__PROVIDED DATA__:
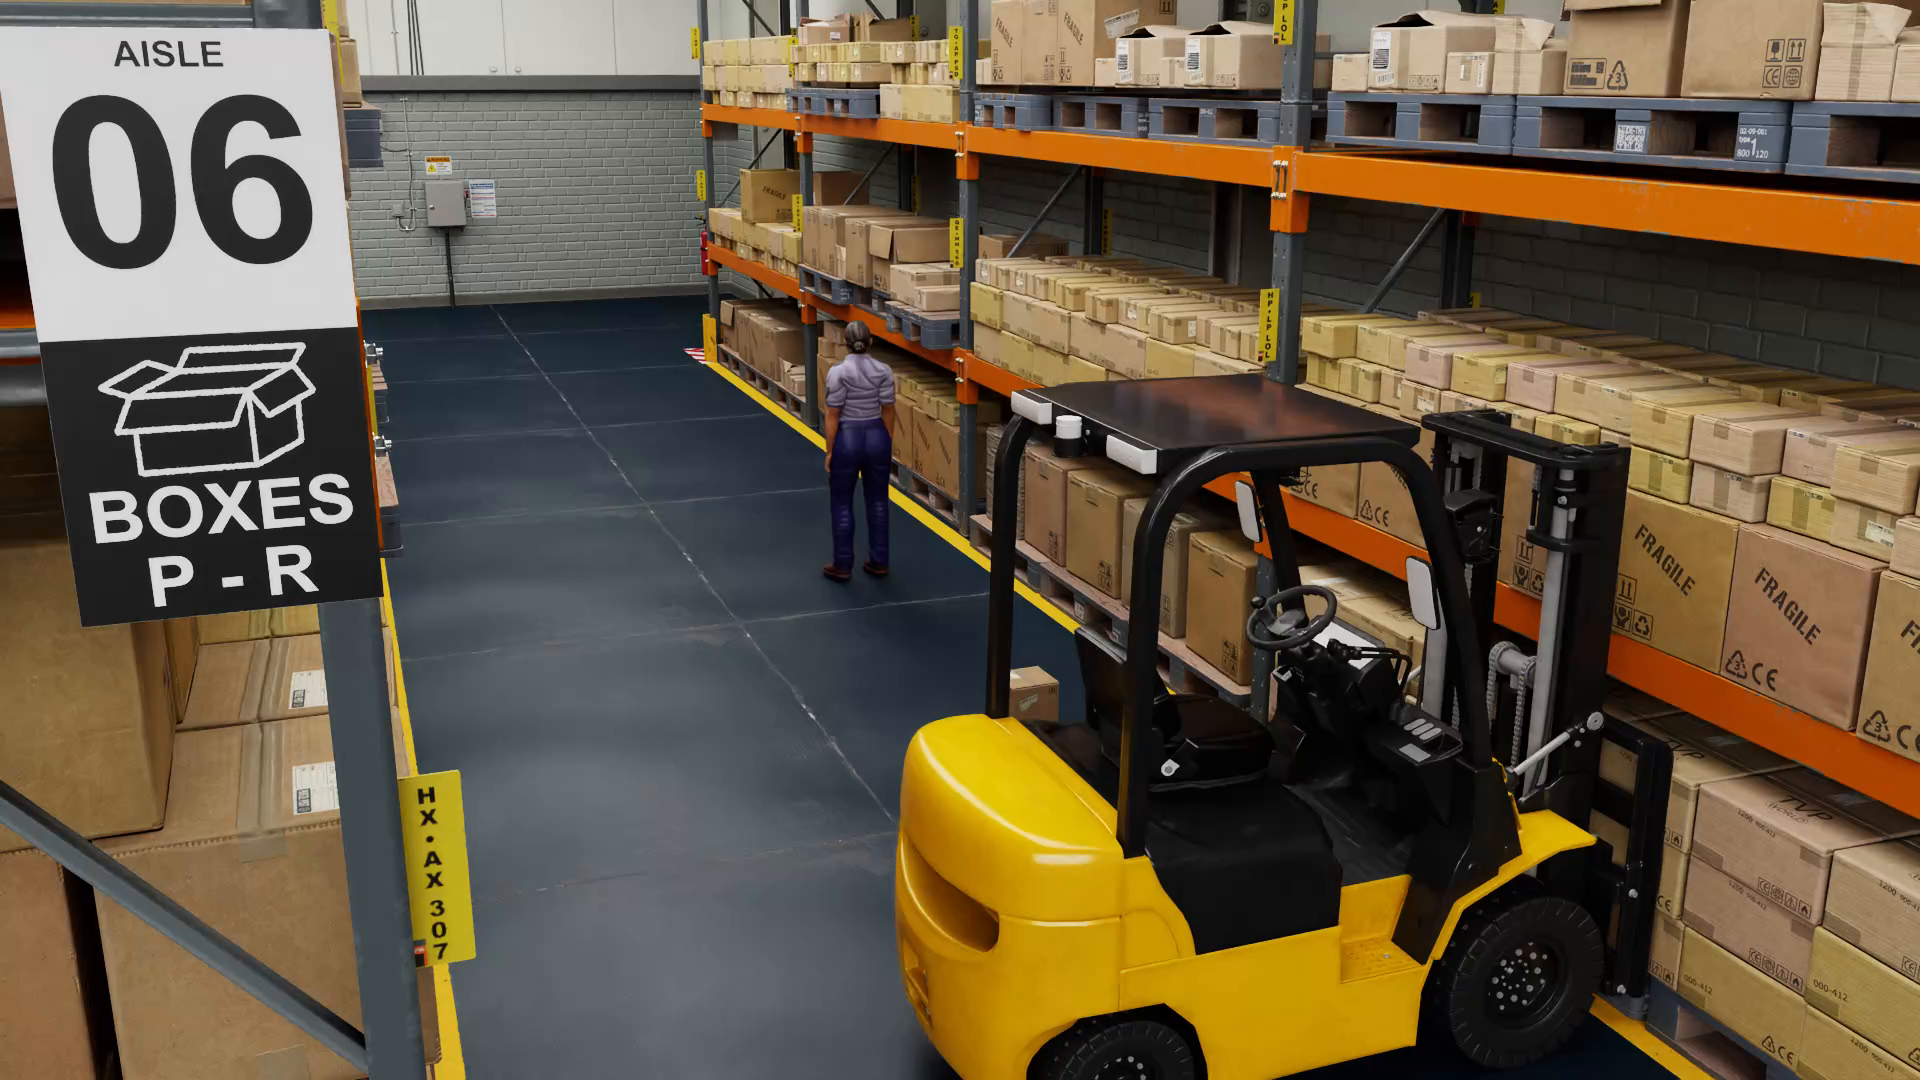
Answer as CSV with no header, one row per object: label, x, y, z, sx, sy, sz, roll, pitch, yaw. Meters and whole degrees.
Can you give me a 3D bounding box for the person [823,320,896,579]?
person,-0.647,-0.576,10.541,0.473,1.650,0.354,-7,17,-23

__ASSIGNED TASK__: Please set down the lines above word for word and leave out the pictures.

__ANSWER__:
Answer as CSV with no header, one row per object: label, x, y, z, sx, sy, sz, roll, pitch, yaw. Meters and whole degrees.
Can you give me a 3D bounding box for the person [823,320,896,579]?
person,-0.647,-0.576,10.541,0.473,1.650,0.354,-7,17,-23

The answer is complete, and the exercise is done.